18話 教会からの呼び出し


 ドゥラークさんとリディアさんが私達のパーティに加入してから数日が経ちました。

 Bランクとなったドゥラークさんの実力は本物でしたが、私が驚いたのはリディアさんの実力です。

 

 大型のフォレストウルフに挑むだけあって、ドゥラークさんには及びませんが、この町の冒険者達と比べれば頭一つ抜けて強かったです。


 私とドゥラークさんは魔物退治を中心に、エレンとリディアさんは治療院でのお仕事を中心に依頼をこなしています。

 これはギルガさんの采配で、私は抗議しましたが覆る事はありませんでした。

 エレンと一緒に仕事ができないのは残念ですが、リディアさんが護衛をしてくれているので、とりあえずは安心できます。まぁ、もし何かあれば命で償ってもらいますけどね。
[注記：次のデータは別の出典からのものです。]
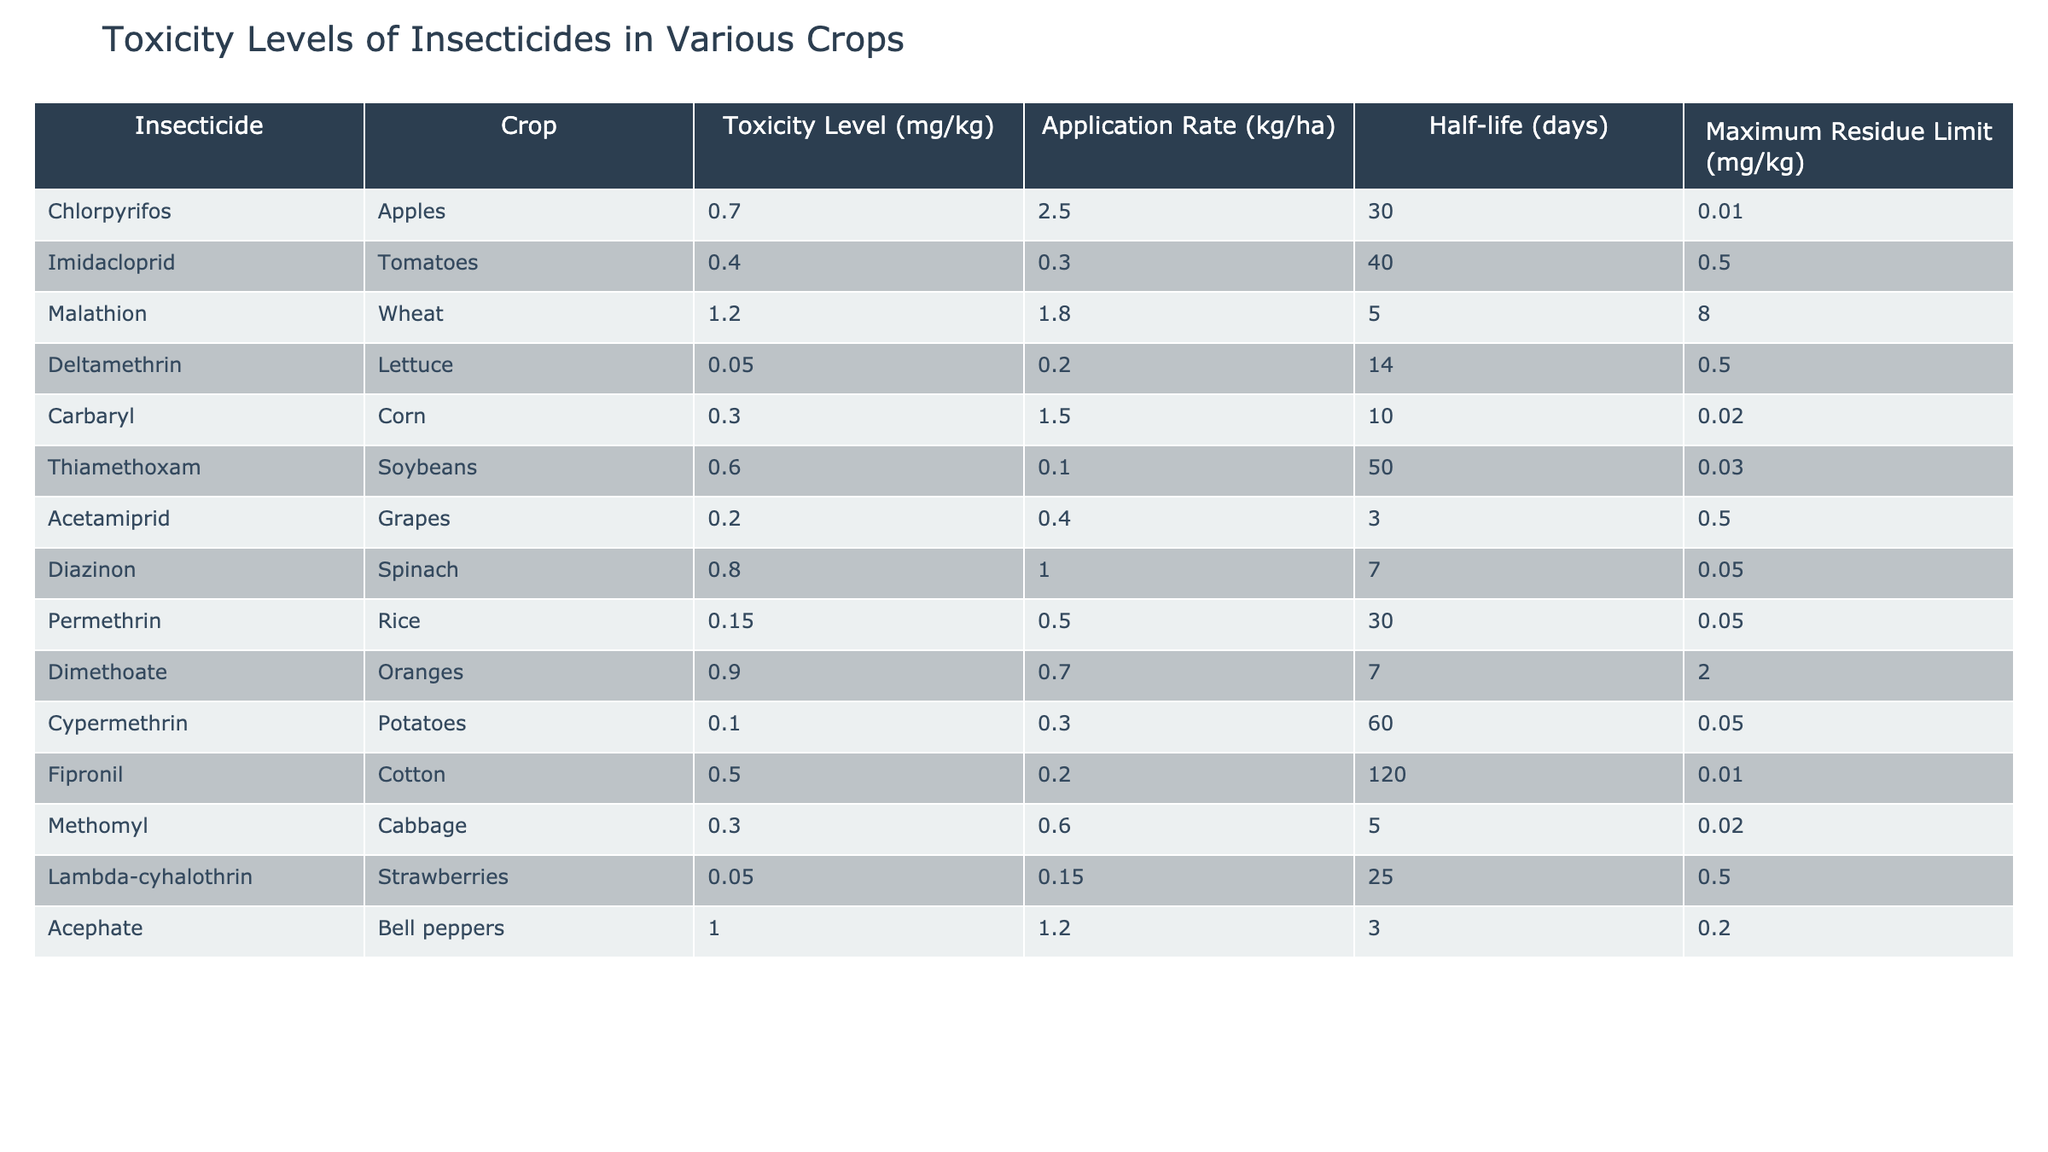What is the toxicity level of Acetamiprid in Grapes? The table directly lists the toxicity level of Acetamiprid under the crop Grapes, which is 0.2 mg/kg.
Answer: 0.2 mg/kg Which insecticide has the highest toxicity level? By reviewing the toxicity levels for all insecticides, Malathion has the highest toxicity level at 1.2 mg/kg.
Answer: Malathion What is the maximum residue limit for Chlorpyrifos? The maximum residue limit for Chlorpyrifos is stated in the table as 0.01 mg/kg.
Answer: 0.01 mg/kg How many insecticides have a toxicity level under 0.5 mg/kg? Count the insecticides with toxicity levels of 0.4 mg/kg or lower: Deltamethrin, Acetamiprid, Cypermethrin, and Lambda-cyhalothrin. That gives a total of 4 insecticides.
Answer: 4 What is the average toxicity level of the insecticides listed? Sum the toxicity levels (0.7 + 0.4 + 1.2 + 0.05 + 0.3 + 0.6 + 0.2 + 0.8 + 0.15 + 0.9 + 0.1 + 0.5 + 0.3 + 0.05 + 1.0) = 6.55 mg/kg, and divide by the number of insecticides (15), resulting in an average toxicity level of 0.437 mg/kg.
Answer: 0.437 mg/kg Is the half-life of Dimethoate longer than that of Thiamethoxam? The half-life of Dimethoate is 7 days, while the half-life of Thiamethoxam is 50 days. Since 7 days is less than 50 days, the statement is false.
Answer: No Which crop has the highest maximum residue limit, and what is that limit? By comparing maximum residue limits, Wheat has the highest limit at 8.0 mg/kg.
Answer: Wheat, 8.0 mg/kg If the application rate for Imidacloprid was increased to 1 kg/ha, what would be the potential impact on the toxicity level? While the toxicity level remains constant at 0.4 mg/kg, the application rate does not change the toxicity level itself; however, increasing the application rate means more insecticide applied per hectare. Therefore, toxicity level remains 0.4 mg/kg.
Answer: 0.4 mg/kg What is the difference in toxicity levels between Malathion and Carbaryl? The toxicity level of Malathion is 1.2 mg/kg and Carbaryl is 0.3 mg/kg. The difference is calculated as 1.2 - 0.3 = 0.9 mg/kg.
Answer: 0.9 mg/kg Do any insecticides have a maximum residue limit greater than 1 mg/kg? The table does not list any insecticides with a maximum residue limit exceeding 1 mg/kg, as Malathion is listed at 8.0 mg/kg but is a separate metric. The highest in the table is 8.0 mg/kg but pertains to the crop limit, not the insecticide.
Answer: No

 まぁ、これ以上仲良くならないように釘は刺していますが……。


「こーら、レティ。またリディアさんを睨んでいる」

「え? あ、無意識に睨んでしまいましたか。申し訳ないです」

「私に謝ってもしょうがないでしょ」

「そうですか?」


 リディアさんは私の視線が怖いらしくすぐに目をそらします。

 そうです。

 エレンに近付き過ぎたら、虐めちゃいますよ……って冗談ですよ。


 ギルガさんはフォレストウルフの報酬を使い、一軒の屋敷を購入しました。

 この屋敷が私達の拠点になっています。


 私達はその日の夜に一日の仕事などの報告会をしています。

 ギルガさんがいる時はギルガさんが進行を進めてくれますが、今日はギルガさんは出かけています。
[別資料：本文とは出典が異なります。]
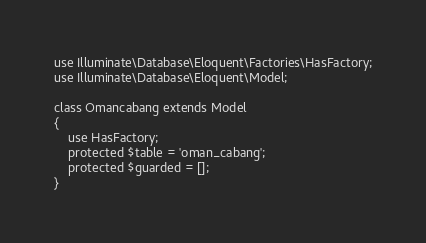<code> <loc_0><loc_0><loc_500><loc_500><_PHP_>use Illuminate\Database\Eloquent\Factories\HasFactory;
use Illuminate\Database\Eloquent\Model;

class Omancabang extends Model
{
    use HasFactory;
    protected $table = 'oman_cabang';
    protected $guarded = [];
}
</code> 
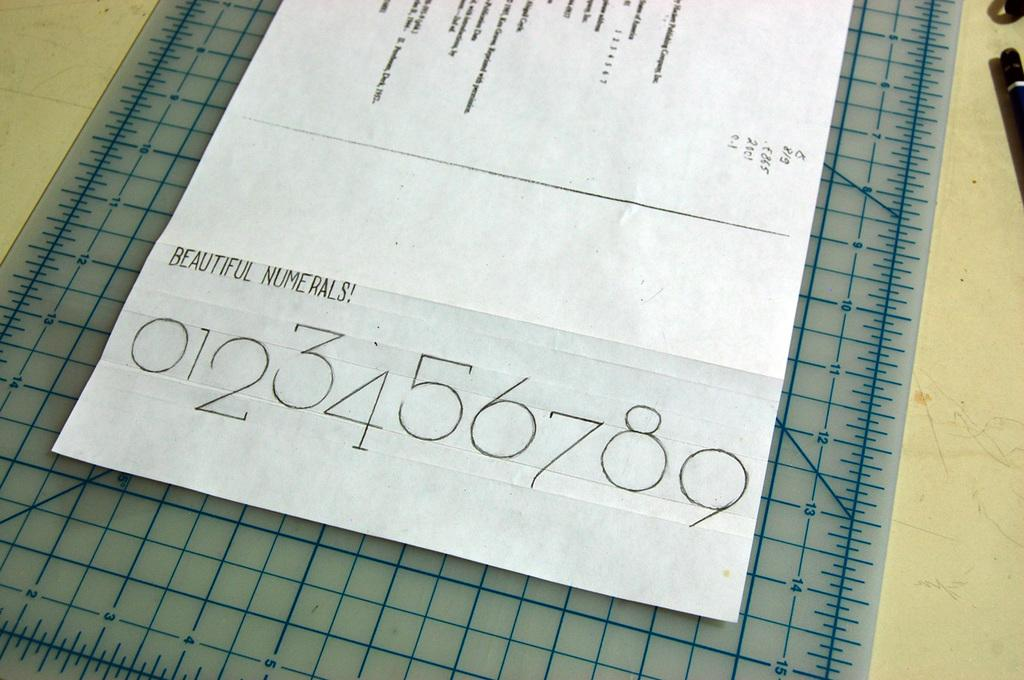<image>
Offer a succinct explanation of the picture presented. Paper is on a cutting board with some numbers under the words beautiful numerals. 
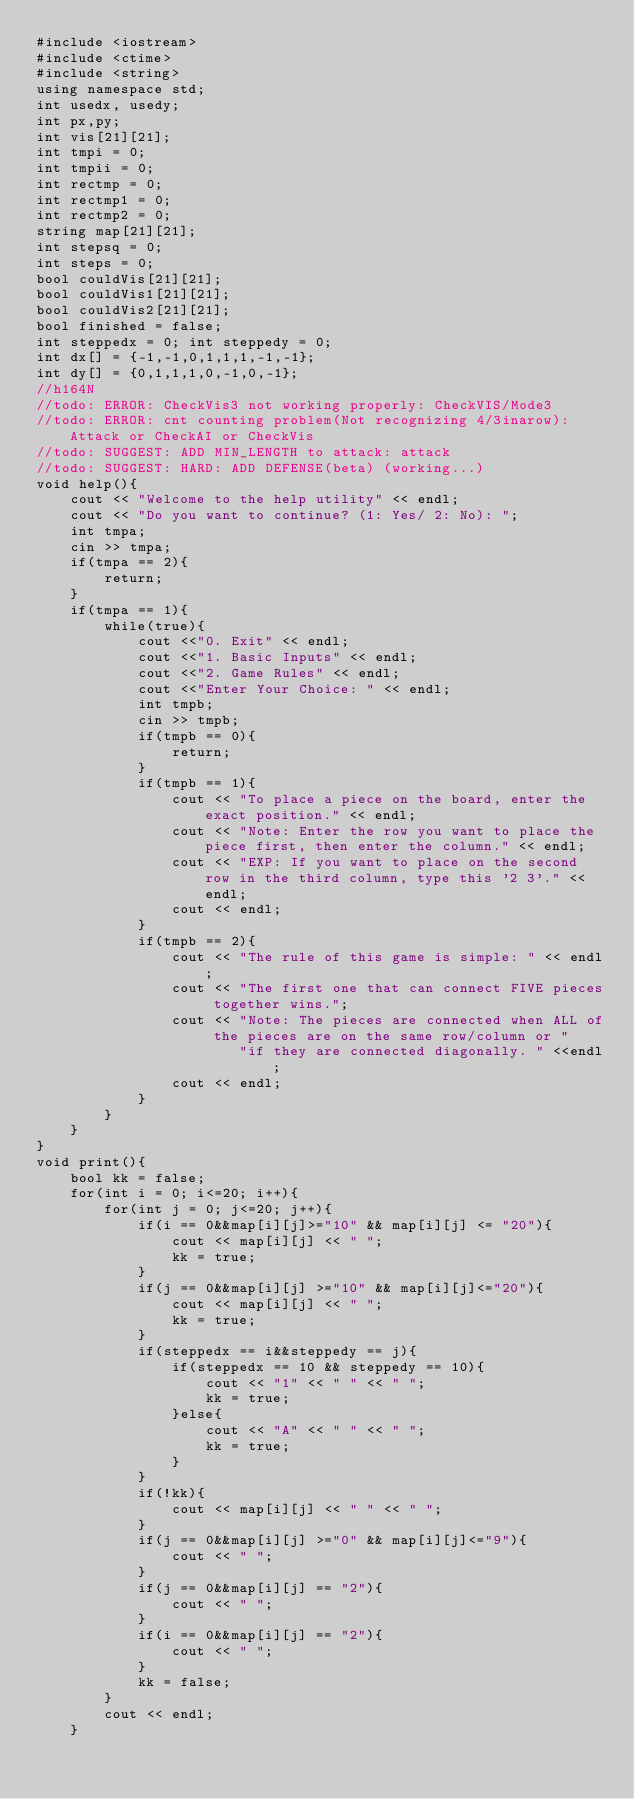<code> <loc_0><loc_0><loc_500><loc_500><_C++_>#include <iostream>
#include <ctime>
#include <string>
using namespace std;
int usedx, usedy;
int px,py;
int vis[21][21];
int tmpi = 0;
int tmpii = 0;
int rectmp = 0;
int rectmp1 = 0;
int rectmp2 = 0;
string map[21][21];
int stepsq = 0;
int steps = 0;
bool couldVis[21][21];
bool couldVis1[21][21];
bool couldVis2[21][21];
bool finished = false;
int steppedx = 0; int steppedy = 0;
int dx[] = {-1,-1,0,1,1,1,-1,-1};
int dy[] = {0,1,1,1,0,-1,0,-1};
//h164N
//todo: ERROR: CheckVis3 not working properly: CheckVIS/Mode3
//todo: ERROR: cnt counting problem(Not recognizing 4/3inarow): Attack or CheckAI or CheckVis
//todo: SUGGEST: ADD MIN_LENGTH to attack: attack
//todo: SUGGEST: HARD: ADD DEFENSE(beta) (working...)
void help(){
    cout << "Welcome to the help utility" << endl;
    cout << "Do you want to continue? (1: Yes/ 2: No): ";
    int tmpa;
    cin >> tmpa;
    if(tmpa == 2){
        return;
    }
    if(tmpa == 1){
        while(true){
            cout <<"0. Exit" << endl;
            cout <<"1. Basic Inputs" << endl;
            cout <<"2. Game Rules" << endl;
            cout <<"Enter Your Choice: " << endl;
            int tmpb;
            cin >> tmpb;
            if(tmpb == 0){
                return;
            }
            if(tmpb == 1){
                cout << "To place a piece on the board, enter the exact position." << endl;
                cout << "Note: Enter the row you want to place the piece first, then enter the column." << endl;
                cout << "EXP: If you want to place on the second row in the third column, type this '2 3'." << endl;
                cout << endl;
            }
            if(tmpb == 2){
                cout << "The rule of this game is simple: " << endl;
                cout << "The first one that can connect FIVE pieces together wins.";
                cout << "Note: The pieces are connected when ALL of the pieces are on the same row/column or "
                        "if they are connected diagonally. " <<endl;
                cout << endl;
            }
        }
    }
}
void print(){
    bool kk = false;
    for(int i = 0; i<=20; i++){
        for(int j = 0; j<=20; j++){
            if(i == 0&&map[i][j]>="10" && map[i][j] <= "20"){
                cout << map[i][j] << " ";
                kk = true;
            }
            if(j == 0&&map[i][j] >="10" && map[i][j]<="20"){
                cout << map[i][j] << " ";
                kk = true;
            }
            if(steppedx == i&&steppedy == j){
                if(steppedx == 10 && steppedy == 10){
                    cout << "1" << " " << " ";
                    kk = true;
                }else{
                    cout << "A" << " " << " ";
                    kk = true;
                }
            }
            if(!kk){
                cout << map[i][j] << " " << " ";
            }
            if(j == 0&&map[i][j] >="0" && map[i][j]<="9"){
                cout << " ";
            }
            if(j == 0&&map[i][j] == "2"){
                cout << " ";
            }
            if(i == 0&&map[i][j] == "2"){
                cout << " ";
            }
            kk = false;
        }
        cout << endl;
    }</code>

 こういう場合は、年長者のドゥラークさんが進めてくれます。

 

「ギルガの旦那は?」

「ギルガさんなら、カンダタさんに呼び出されていたよ」

「何か嫌な予感がするな」


 ドゥラークさんはなんだかんだと面倒見が良いらしく、縁の下の力持ちとなってくれています。


「まぁ、いいや。今日も何もなかったな」

「そうですね。エレンは何かありましたか?」


 治療院の方も、盗賊団の壊滅と共に余裕ができたみたいです。

 ならば、治療院にどういったお仕事が? と思ったのだが、治療ギルドのギルドマスター、セラピアさんがエレンに治療系魔法を教えているそうです。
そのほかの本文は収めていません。